グリーンフライデーキャンペーン中は、家具の買い取り価格が30%上乗せされるのでお得です。買い取られた家具はサーキュラーマーケットで再販され次のユーザーの手に渡るため、廃棄されることもありません。サーキュラーマーケットでは、IKEAが買い取った家具以外にも、返品や展示品などの商品を販売しています。

またグリーンフライデーキャンペーン中は、ホットドッグとベジドッグの食べ比べのクーポンを先着100名に配布しています。ベジドッグは植物由来の原料で作られており、ホットドッグに負けないおいしさが魅力です。このようにIKEAでは、サステナブルなフードの発信もしています。

世界の大手メーカーでは、サステナブルを意識した企業経営をしているのです。

REI:ブラックフライデーの日は全店休業 

出典:REI

アメリカのアウトドアブランドの「REI」は、アンチブラックフライデーとして有名な企業です。キャッチコピーに「Opt Outside(外に出て楽しもう)」を掲げ、当日は全店休業を宣言しています。

社員には有給休暇を与え、アウトドアを楽しむことを推奨しています。このように、アメリカ企業であってもブラックフライデーの大量消費型ビジネスモデルに批判的な企業もあるのです。

シェアリングエコノミー協会

出典:シェアリングエコノミー協会

一般社団法人シェアリングエコノミー協会は、サステナブルな消費を推進する団体です。2023年のグリーンフライデーでは当協会の事業者6社とともに、「シェアエコグリーンフライデープロジェクト」を実施しました。

「シェアエコグリーンフライデープロジェクト」では、グリーンフライデーの認知度拡大を目的として、協会シェアサービス事業者16社のロゴを期間限定でグリーンにチェンジしています。

また企業だけではなく、全国各地域との連携も図り、シェアリングビジネスの普及に取り組んでいるのです。
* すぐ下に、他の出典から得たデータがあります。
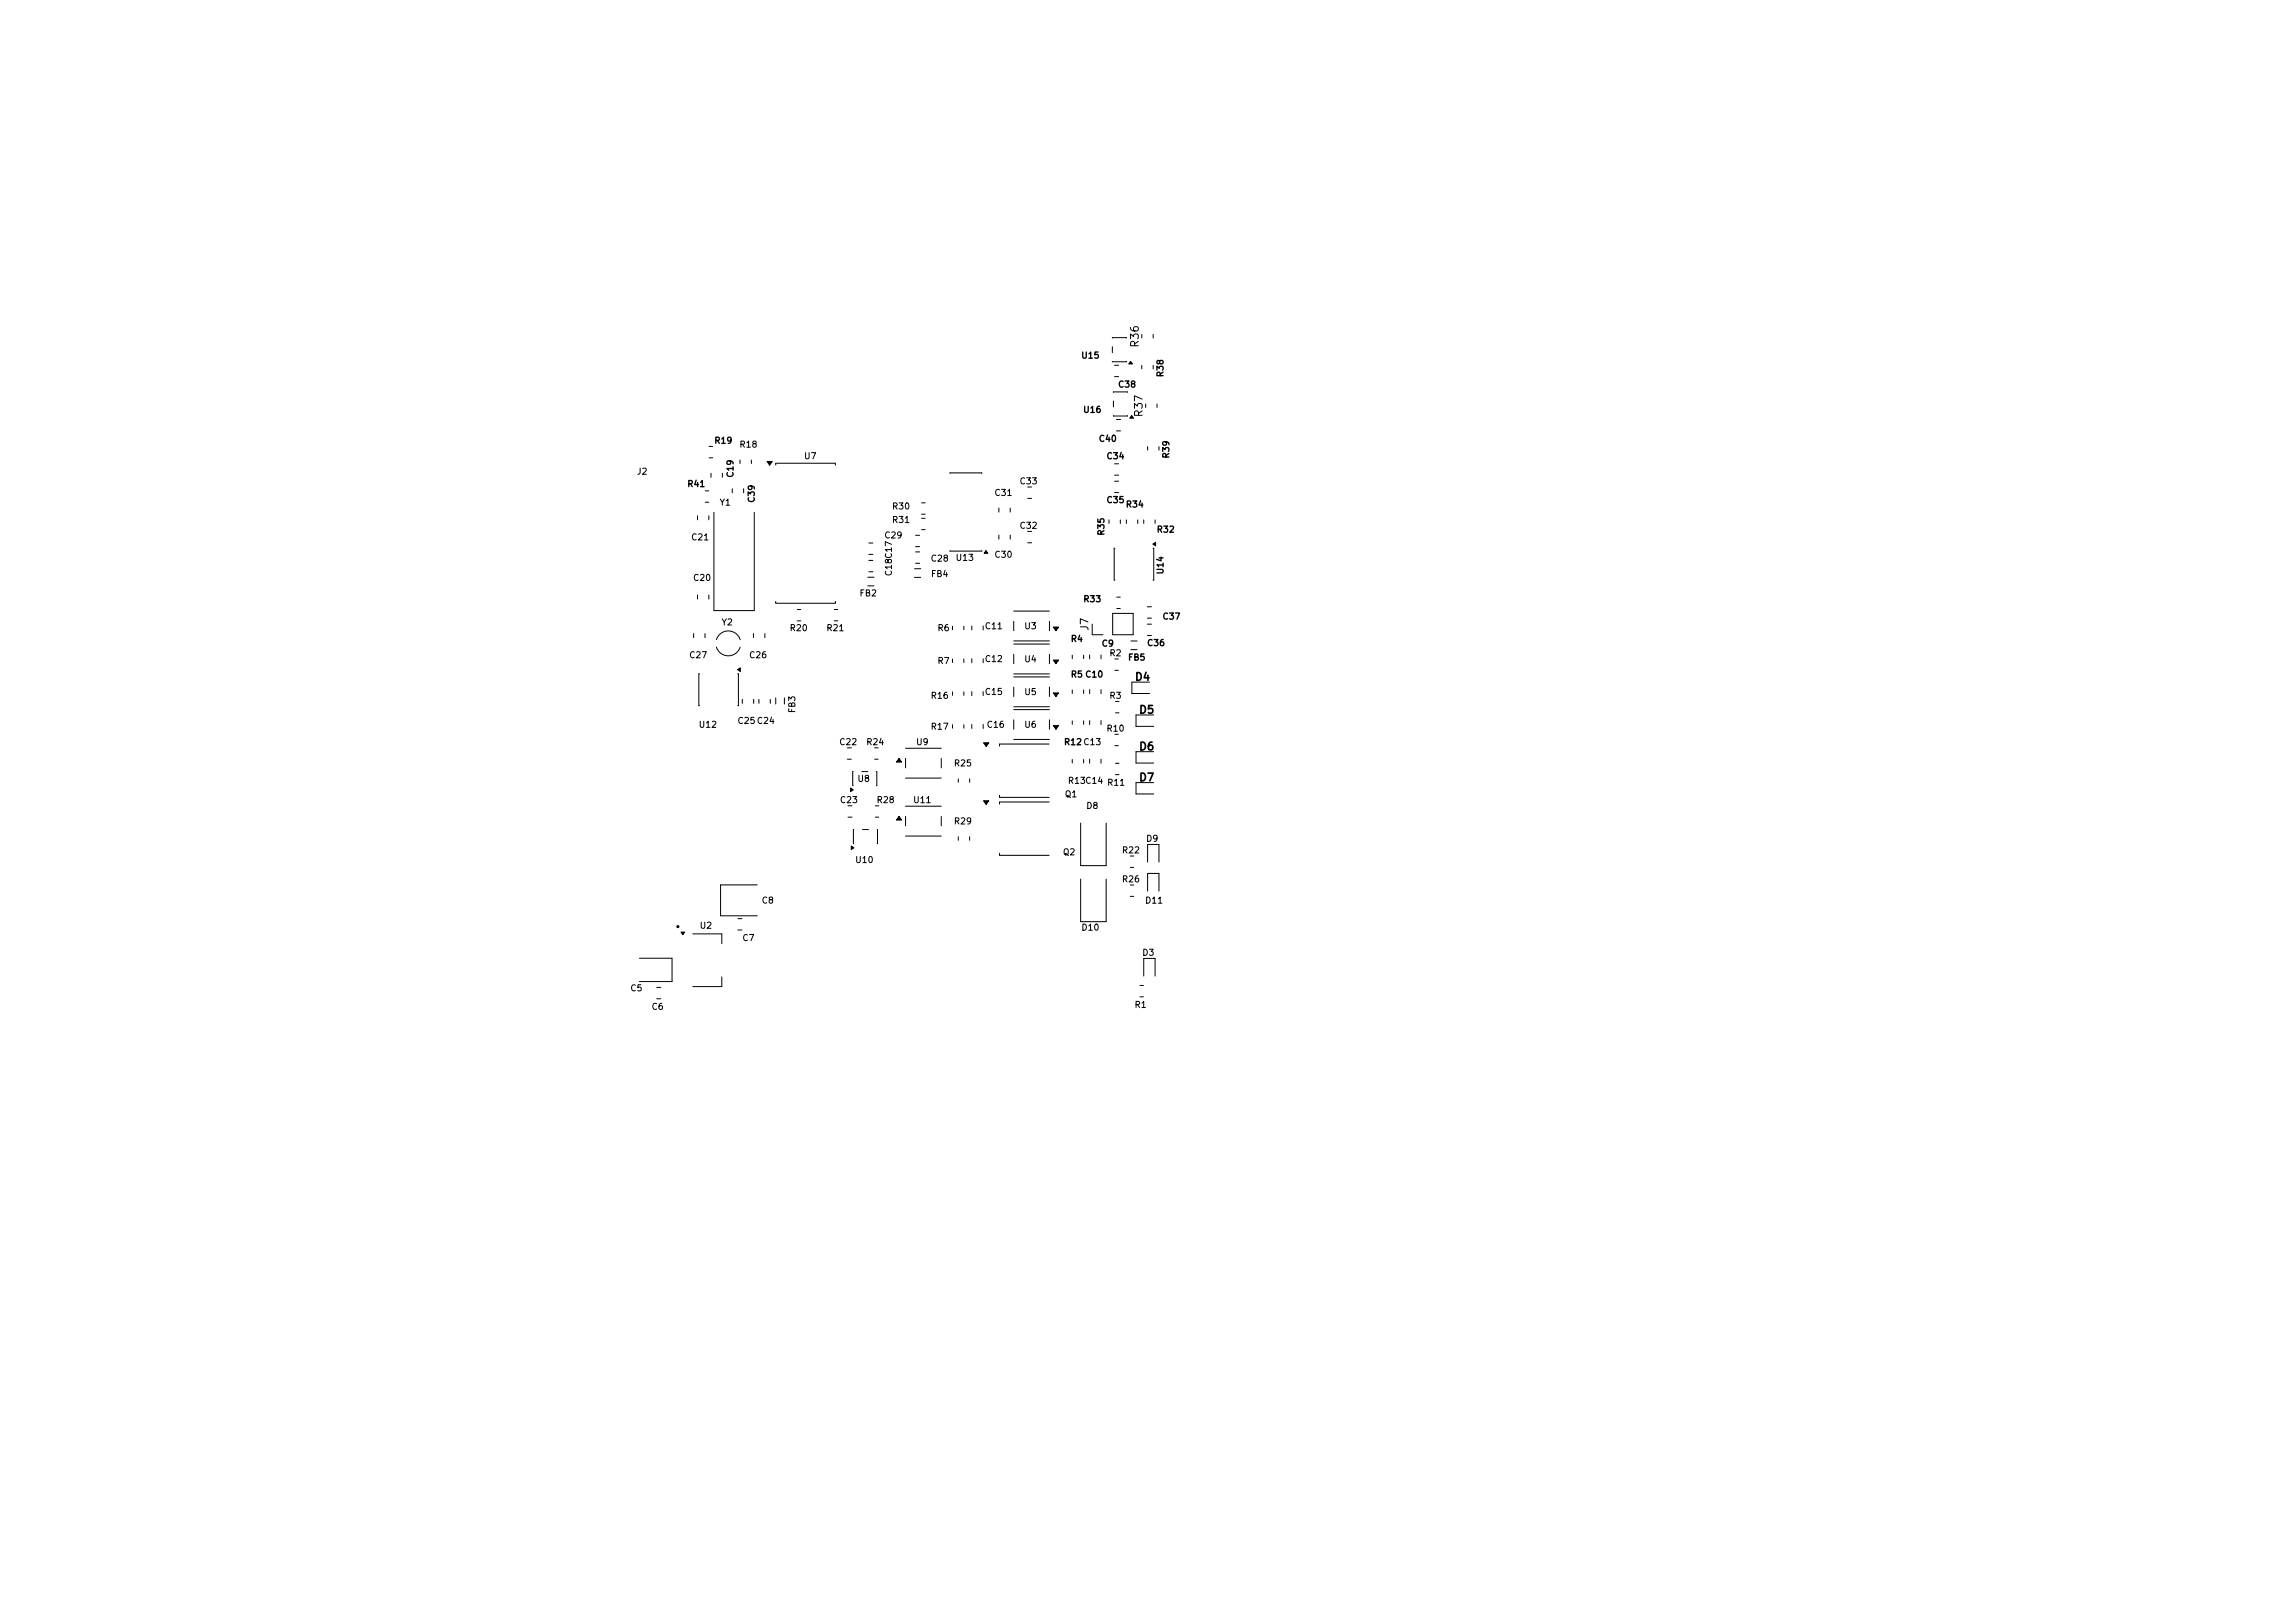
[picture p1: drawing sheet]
<svg xmlns="http://www.w3.org/2000/svg" width="297mm" height="210mm" viewBox="0 0 297 210" stroke-linecap="round" stroke-linejoin="round" font-family="sans-serif">
<defs><g id="words">
<g font-size="1">
<text x="147.6" y="45.1" transform="rotate(-90 147.6 45.1)">R36</text>
<text x="148.1" y="54.1" transform="rotate(-90 148.1 54.1)">R37</text>
<text x="141.1" y="81.7" transform="rotate(-90 141.1 81.7)">J7</text>
<text x="146.8" y="88.3">D4</text>
<text x="147.3" y="92.6">D5</text>
<text x="147.3" y="97.3">D6</text>
<text x="147.3" y="101.3">D7</text>
</g>
<g font-size=".8">
<text x="139.8" y="46.6">U15</text>
<text x="140.1" y="53.6">U16</text>
<text x="144.6" y="50.3">C38</text>
<text x="150.8" y="48.9" transform="rotate(-90 150.8 48.9)">R38</text>
<text x="92.4" y="57.6">R19</text>
<text x="95.6" y="58.1">R18</text>
<text x="104" y="59.6">U7</text>
<text x="142.1" y="57.4">C40</text>
<text x="143.1" y="59.6">C34</text>
<text x="151.5" y="59.4" transform="rotate(-90 151.5 59.4)">R39</text>
<text x="82.3" y="61.6">J2</text>
<text x="88.9" y="63.2">R41</text>
<text x="93.1" y="65.6">Y1</text>
<text x="95.1" y="61.9" transform="rotate(-90 95.1 61.9)">C19</text>
<text x="97.9" y="65.1" transform="rotate(-90 97.9 65.1)">C39</text>
<text x="128.6" y="64.4">C31</text>
<text x="131.9" y="62.9">C33</text>
<text x="143.1" y="65.3">C35</text>
<text x="145.6" y="65.9">R34</text>
<text x="89.4" y="70.1">C21</text>
<text x="114.4" y="69.9">C29</text>
<text x="115.4" y="66.1">R30</text>
<text x="115.4" y="67.9">R31</text>
<text x="131.9" y="68.6">C32</text>
<text x="143.1" y="69.4" transform="rotate(-90 143.1 69.4)">R35</text>
<text x="149.6" y="69.1">R32</text>
<text x="89.6" y="75.4">C20</text>
<text x="111.2" y="77.4">FB2</text>
<text x="115.6" y="74.6" transform="rotate(-90 115.6 74.6)">C18C17</text>
<text x="120.4" y="72.9">C28</text>
<text x="120.4" y="74.9">FB4</text>
<text x="123.6" y="72.8">U13</text>
<text x="128.6" y="72.4">C30</text>
<text x="150.8" y="74.4" transform="rotate(-90 150.8 74.4)">U14</text>
<text x="93.3" y="81.1">Y2</text>
<text x="102.1" y="81.9">R20</text>
<text x="106.9" y="81.9">R21</text>
<text x="121.2" y="81.9">R6</text>
<text x="127.4" y="81.6">C11</text>
<text x="132.5" y="81.6">U3</text>
<text x="138.5" y="83.3">R4</text>
<text x="140.1" y="78.1">R33</text>
<text x="142.5" y="83.9">C9</text>
<text x="148.4" y="83.8">C36</text>
<text x="150.4" y="80.4">C37</text>
<text x="89.1" y="85.4">C27</text>
<text x="96.9" y="85.4">C26</text>
<text x="121.2" y="86.1">R7</text>
<text x="127.4" y="85.9">C12</text>
<text x="132.5" y="85.9">U4</text>
<text x="138.5" y="87.9">R5C10</text>
<text x="143.5" y="85.1">R2</text>
<text x="145.9" y="85.7">FB5</text>
<text x="90.3" y="94.4">U12</text>
<text x="95.4" y="93.9">C25C24</text>
<text x="103.1" y="92.3" transform="rotate(-90 103.1 92.3)">FB3</text>
<text x="120.4" y="94.6">R17</text>
<text x="120.4" y="90.6">R16</text>
<text x="127.4" y="90.1">C15</text>
<text x="127.6" y="94.4">C16</text>
<text x="132.5" y="94.4">U6</text>
<text x="132.5" y="90.1">U5</text>
<text x="143.1" y="94.9">R10</text>
<text x="143.5" y="90.6">R3</text>
<text x="108.5" y="96.6">C22</text>
<text x="110.9" y="101.4">U8</text>
<text x="112" y="96.6">R24</text>
<text x="118.5" y="96.6">U9</text>
<text x="123.4" y="99.4">R25</text>
<text x="137.6" y="96.6">R12C13</text>
<text x="138.1" y="101.6">R13C14</text>
<text x="143.2" y="101.9">R11</text>
<text x="108.6" y="104.1">C23</text>
<text x="113.4" y="104.1">R28</text>
<text x="118.1" y="104.1">U11</text>
<text x="123.4" y="106.9">R29</text>
<text x="137.7" y="103.4">Q1</text>
<text x="140.5" y="104.9">D8</text>
<text x="110.6" y="111.9">U10</text>
<text x="137.5" y="110.9">Q2</text>
<text x="145.1" y="110.6">R22</text>
<text x="148.2" y="109.1">D9</text>
<text x="98.5" y="117.1">C8</text>
<text x="145.1" y="114.4">R26</text>
<text x="148.1" y="117.1">D11</text>
<text x="90.5" y="120.4">U2</text>
<text x="96" y="122">C7</text>
<text x="139.9" y="120.6">D10</text>
<text x="147.7" y="123.9">D3</text>
<text x="81.5" y="128.5">C5</text>
<text x="84.2" y="130.9">C6</text>
<text x="146.7" y="130.6">R1</text>
</g>
</g></defs>
<g fill="none" stroke="#000" stroke-width=".13">
<path d="M91.8 57.8h.4M91.8 59.2h.4M95.8 59.5v.5M97.2 59.5v.5M99.3 59.7h.6l-.3 .5zM144 43.7h1.8M144 44.9v.7M144 46.8h1.8M144.1 53.8h1.8M144.1 50.8h1.8M144.1 51.9v.8M144.2 47.3h.6"/>
<path d="M144.2 48.7h.6M144.5 55.8h.5M144.5 54.3h.5M146.3 46.8l.3 .3h-.5zM146.5 53.8l.2 .3h-.5zM147.8 43.3v.4M147.8 47.3v.4M148.3 52.3v.4M148.5 57.8v.4M149.2 43.3v.4M149.2 47.3v.4M149.7 52.3v.4"/>
<path d="M150 57.8v.4M90.3 66.7v.6M90.3 77v.5M91.3 63.5h.4M91.3 65h.4M91.7 66.7v.6M91.7 77v.5M92 61.2v.6M92.4 66.3v12.7h5.2v-12.7M93.5 61.2v.6M94.8 63.2v.6M96.2 63.2v.6"/>
<path d="M100.4 60.2v-.3h7.7v.3M100.4 77.8v.3h7.7v-.3M103.2 78.9h.4M108 78.9h.4M112.3 74.7h.8M112.3 75.8h.8M112.4 72.5h.6M112.4 74h.6M112.4 70.3h.6M112.4 71.7h.6M118.4 73.6h.7M118.4 74.7h.7"/>
<path d="M118.5 71.4h.5M118.5 72.9h.5M118.5 69.3h.5M118.5 70.7h.5M119.3 65.1h.4M119.3 66.5h.4M119.3 67.1h.4M119.3 68.5h.4M122.9 61.2h4.2M122.9 71.3h4.2M127.6 71.3l.2 .3h-.4zM129.3 65.7v.6"/>
<path d="M129.3 69.2v.6M130.7 65.7v.6M130.7 69.2v.6M131.2 79.1h4.6M133 63h.5M133 64.5h.5M133 68.8h.5M133 70.2h.5M143.5 67.3v.4M144 79.4h2.6v2.7h-2.6zM144.2 60h.6M144.2 61.5h.6"/>
<path d="M144.2 62.3h.6M144.2 63.7h.6M144.3 70.9h-.1v4.2h.1M144.5 77.3h.5M144.5 78.7h.5M145 67.3v.4M145.8 67.3v.4M147.2 67.3v.4M148 67.3v.4M148.5 78.5h.5M148.5 80h.5M149.2 70.9h.1v4.2h-.1"/>
<path d="M149.2 70.4l.4-.2v.4zM149.5 67.3v.4M89.8 82v.5M90.5 87.2h-.1v4.1h.1M91.2 82v.5M92.7 82.8a1.61 1.61 0 0 1 1.6-1.2 1.61 1.61 0 0 1 1.5 1.2M92.7 83.7a1.61 1.61 0 0 0 1.6 1.2 1.61 1.61 0 0 0 1.5-1.2M95.5 87.2h.1v4.1h-.1M95.5 86.7l.3-.3v.5zM96.1 90.5v.5M97.5 82v.5M97.5 90.5v.5"/>
<path d="M98.2 90.5v.5M99 82v.5M99.7 90.5v.5M100.4 90.3v.8M101.5 90.3v.8M103.2 80.3h.4M108 80.3h.4M109.7 96.8h.5M109.7 98.2h.5M110.4 99.8v1.9M111.5 99.8h.8M113.2 96.8h.4"/>
<path d="M113.2 98.2h.4M113.4 99.8v1.9M116.4 98.1l.3 .5h-.7zM117.2 96.8h4.6M117.2 98.1v1.3M121.8 98.1v1.3M123.3 81v.5M123.3 85.3v.4M123.3 89.5v.5M123.3 93.8v.4M124.7 81v.5M124.7 85.3v.4"/>
<path d="M124.7 89.5v.5M124.7 93.8v.4M125.8 81v.5M125.8 85.2v.6M125.8 89.5v.5M125.8 93.7v.6M127.2 81v.5M127.2 85.2v.6M127.2 89.5v.5M127.2 93.7v.6M127.3 96.1h.7l-.4 .5zM131.2 87.2h4.6"/>
<path d="M131.2 80.4v1.2M131.2 84.7v1.2M131.2 88.9v1.2M131.2 93.1v1.3M131.2 82.9h4.6M131.2 91.8h4.6M131.2 95.7h4.6M131.2 87.6h4.6M131.2 91.5h4.6M131.2 83.3h4.6M135.8 96.3h-6.4v.2M135.8 80.4v1.2"/>
<path d="M135.8 84.7v1.2M135.8 88.9v1.2M135.8 93.1v1.3M136.3 81.1h.7l-.4 .5zM136.3 93.9h.7l-.4 .5zM136.3 89.7h.7l-.4 .4zM136.3 85.4h.7l-.4 .5zM138.8 84.8v.4M138.8 89.3v.4M138.8 93.3v.4M138.8 98.3v.4M140.2 84.8v.4"/>
<path d="M140.2 89.3v.4M140.2 93.3v.4M140.2 98.3v.4M141 84.7v.6M141 89.2v.6M141 93.2v.6M141 98.2v.6M141.3 80.8v1.3h1.4M142.5 84.7v.6M142.5 89.2v.6M142.5 93.2v.6M142.5 98.2v.6"/>
<path d="M144.3 85.3h.4M144.3 86.7h.4M144.3 95h.4M144.3 96.5h.4M144.4 90.8h.4M144.4 92.2h.4M144.4 98.8h.4M146.4 82.9h.7M146.4 84.1h.7M148.5 80.8h.5M148.5 82.2h.5M148.8 88.3h-2.3v1.4h2.3"/>
<path d="M149.3 92.5h-2.3v1.5h2.3M149.3 97.3h-2.3v1.4h2.3M95.5 118.9h.5M98 114.5h-4.8v4h4.8M109.7 104.3h.6M109.7 105.7h.6M110.1 102l.3 .2-.3 .2zM110.2 109.5l.3 .2-.3 .2zM110.5 107.3v1.9M111.6 107.3h.8M113.3 104.3h.4M113.3 105.7h.4"/>
<path d="M113.5 107.3v1.9M116.4 105.6l.3 .5h-.7zM117.2 105.6v1.3M117.2 100.7h4.6M117.2 104.3h4.6M117.2 108.2h4.6M121.8 105.6v1.3M124 100.8v.4M124 108.3v.4M125.5 100.8v.4M125.5 108.3v.4M127.3 103.6h.7l-.4 .5z"/>
<path d="M129.4 102.9v.3h6.4M129.4 110.4v.3h6.4M135.8 103.8h-6.4v.2M139.8 106.5v5.5h3.4v-5.5M139.8 113.8v5.5h3.4v-5.5M144.4 100.2h.4M146.3 110.8h.4M146.3 112.2h.4M146.3 114.5h.4M146.3 116h.4M148.5 111.6v-2.3h1.5v2.3M148.5 115.3v-2.3h1.5v2.3"/>
<path d="M149.3 101.3h-2.3v1.4h2.3M82.7 124h4.3v3h-4.3M85 127.8h.5M85 129.2h.5M88.1 120.6h.5l-.2 .3zM89.7 120.8h3.7v1.3M93.4 126.4v1.3h-3.7M95.5 120.3h.5M147.5 127.5h.5M147.5 129h.5M148 126.3v-2.3h1.5v2.3"/>
</g>
<g fill="#000">
<path d="M146.3 46.8l.3 .3h-.5zM146.5 53.8l.2 .3h-.5zM99.3 59.7h.6l-.3 .5zM127.6 71.3l.2 .3h-.4zM149.2 70.4l.4-.2v.4zM95.5 86.7l.3-.3v.5zM116.4 98.1l.3 .5h-.7zM127.3 96.1h.7l-.4 .5zM136.3 81.1h.7l-.4 .5zM136.3 93.9h.7l-.4 .5zM136.3 89.7h.7l-.4 .4zM136.3 85.4h.7l-.4 .5z"/>
<path d="M110.1 102l.3 .2-.3 .2zM110.2 109.5l.3 .2-.3 .2zM116.4 105.6l.3 .5h-.7zM127.3 103.6h.7l-.4 .5zM88.1 120.6h.5l-.2 .3z"/>
</g>
<circle cx="87.7" cy="119.9" r=".1" fill="none" stroke="#000" stroke-width=".2"/>
<use href="#words"/>
</svg>

11月24日の当日においては各地で啓蒙活動を展開し、認知度拡大に努めています。

グリーンフライデーは普及するのかに注目

グリーンフライデーはブラックフライデーの拡大とともに、大量消費に対する懸念から起こったムーブメントです。ビジネスモデルにおいて、地球環境への配慮が必要不可欠になってきているといえるかもしれません。

今後、ブラックフライデーを楽しむ際は、グリーンフライデーについても注目してみましょう。普及がすすみ、ブラックフライデーのように市民権を得るときがくるかもしれませんね。